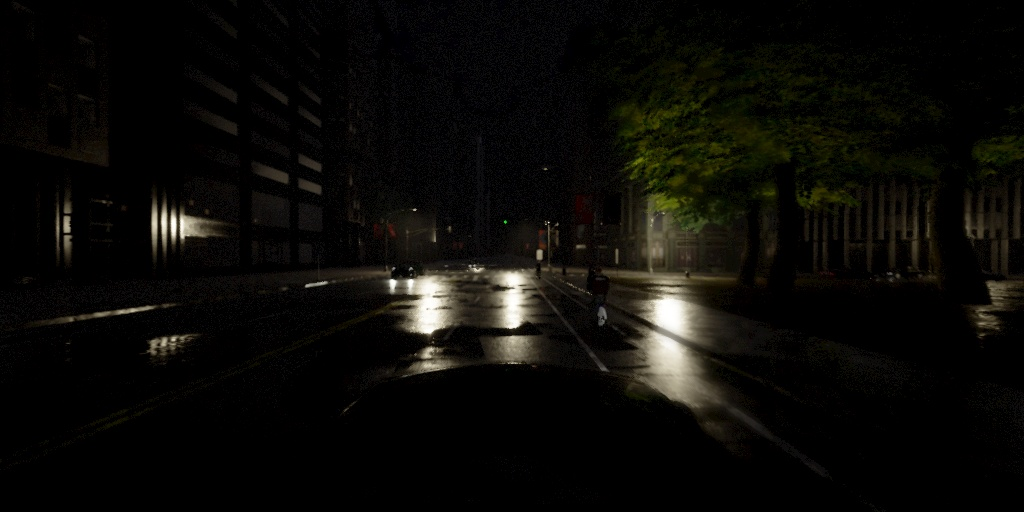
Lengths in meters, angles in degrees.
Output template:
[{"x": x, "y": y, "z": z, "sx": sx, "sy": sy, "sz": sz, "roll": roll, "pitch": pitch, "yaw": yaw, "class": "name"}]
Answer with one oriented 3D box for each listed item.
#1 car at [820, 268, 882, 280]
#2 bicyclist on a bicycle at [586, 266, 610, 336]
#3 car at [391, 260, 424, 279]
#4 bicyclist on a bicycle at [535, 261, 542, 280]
[{"x": 38.886, "y": 2.090, "z": 41.571, "sx": 5.357, "sy": 1.411, "sz": 2.033, "roll": 1, "pitch": 0, "yaw": -1, "class": "car"}, {"x": 2.250, "y": 1.135, "z": 9.519, "sx": 0.659, "sy": 1.776, "sz": 1.843, "roll": 0, "pitch": 0, "yaw": 0, "class": "bicyclist on a bicycle"}, {"x": -9.750, "y": 1.183, "z": 33.725, "sx": 2.097, "sy": 1.767, "sz": 4.553, "roll": 0, "pitch": 0, "yaw": 0, "class": "car"}, {"x": 2.255, "y": 1.274, "z": 30.257, "sx": 0.582, "sy": 1.620, "sz": 1.656, "roll": 0, "pitch": -1, "yaw": 0, "class": "bicyclist on a bicycle"}]
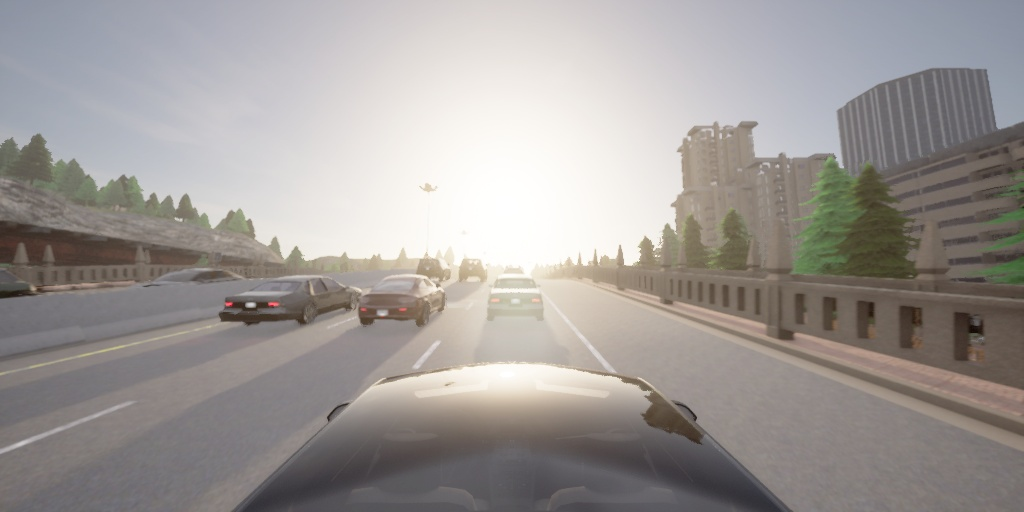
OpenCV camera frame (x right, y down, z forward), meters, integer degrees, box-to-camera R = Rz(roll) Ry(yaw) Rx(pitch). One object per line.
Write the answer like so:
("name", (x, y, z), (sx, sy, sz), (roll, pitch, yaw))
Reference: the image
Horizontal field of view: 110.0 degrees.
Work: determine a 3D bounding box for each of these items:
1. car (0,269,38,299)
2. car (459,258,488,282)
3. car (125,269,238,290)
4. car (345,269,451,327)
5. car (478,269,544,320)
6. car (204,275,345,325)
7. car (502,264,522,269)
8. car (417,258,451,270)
("car", (-17.599, 1.154, 10.512), (2.097, 1.767, 4.553), (0, 0, 0))
("car", (-3.396, 1.229, 32.008), (2.150, 2.045, 5.566), (0, -2, 0))
("car", (-14.098, 1.337, 15.814), (1.837, 1.490, 4.892), (0, 0, 0))
("car", (-3.412, 1.334, 11.737), (1.812, 1.442, 4.674), (0, 0, 0))
("car", (0.101, 1.363, 12.854), (2.033, 1.411, 5.357), (0, 0, 0))
("car", (-6.899, 1.358, 11.975), (2.033, 1.411, 5.357), (0, 0, 0))
("car", (0.104, 1.530, 32.960), (2.128, 1.511, 4.902), (0, -2, 0))
("car", (-6.896, 1.228, 31.992), (2.150, 2.045, 5.566), (0, -2, 0))
━━━━━━━━━━━━━━━━
The expected output is every entry above, character for character, with no pictures.

Lengths in meters, angles in degrees.
Output template:
[{"x": x, "y": y, "z": z, "sx": sx, "sy": sy, "sz": sz, "roll": roll, "pitch": pitch, "yaw": yaw, "class": "name"}]
Answer with one oriented 3D box for each listed item.
#1 car at [820, 268, 882, 280]
#2 bicyclist on a bicycle at [586, 266, 610, 336]
#3 car at [391, 260, 424, 279]
#4 bicyclist on a bicycle at [535, 261, 542, 280]
[{"x": 38.886, "y": 2.090, "z": 41.571, "sx": 5.357, "sy": 1.411, "sz": 2.033, "roll": 1, "pitch": 0, "yaw": -1, "class": "car"}, {"x": 2.250, "y": 1.135, "z": 9.519, "sx": 0.659, "sy": 1.776, "sz": 1.843, "roll": 0, "pitch": 0, "yaw": 0, "class": "bicyclist on a bicycle"}, {"x": -9.750, "y": 1.183, "z": 33.725, "sx": 2.097, "sy": 1.767, "sz": 4.553, "roll": 0, "pitch": 0, "yaw": 0, "class": "car"}, {"x": 2.255, "y": 1.274, "z": 30.257, "sx": 0.582, "sy": 1.620, "sz": 1.656, "roll": 0, "pitch": -1, "yaw": 0, "class": "bicyclist on a bicycle"}]
OpenCV camera frame (x right, y down, z forward), meters, integer degrees, box-to-camera R = Rz(roll) Ry(yaw) Rx(pitch). One object per line.
Write the answer like so:
("name", (x, y, z), (sx, sy, sz), (roll, pitch, yaw))
Reference: the image
Horizontal field of view: 110.0 degrees.
Work: determine a 3D bounding box for each of these items:
1. car (0,269,38,299)
2. car (459,258,488,282)
3. car (125,269,238,290)
4. car (345,269,451,327)
5. car (478,269,544,320)
6. car (204,275,345,325)
7. car (502,264,522,269)
8. car (417,258,451,270)
("car", (-17.599, 1.154, 10.512), (2.097, 1.767, 4.553), (0, 0, 0))
("car", (-3.396, 1.229, 32.008), (2.150, 2.045, 5.566), (0, -2, 0))
("car", (-14.098, 1.337, 15.814), (1.837, 1.490, 4.892), (0, 0, 0))
("car", (-3.412, 1.334, 11.737), (1.812, 1.442, 4.674), (0, 0, 0))
("car", (0.101, 1.363, 12.854), (2.033, 1.411, 5.357), (0, 0, 0))
("car", (-6.899, 1.358, 11.975), (2.033, 1.411, 5.357), (0, 0, 0))
("car", (0.104, 1.530, 32.960), (2.128, 1.511, 4.902), (0, -2, 0))
("car", (-6.896, 1.228, 31.992), (2.150, 2.045, 5.566), (0, -2, 0))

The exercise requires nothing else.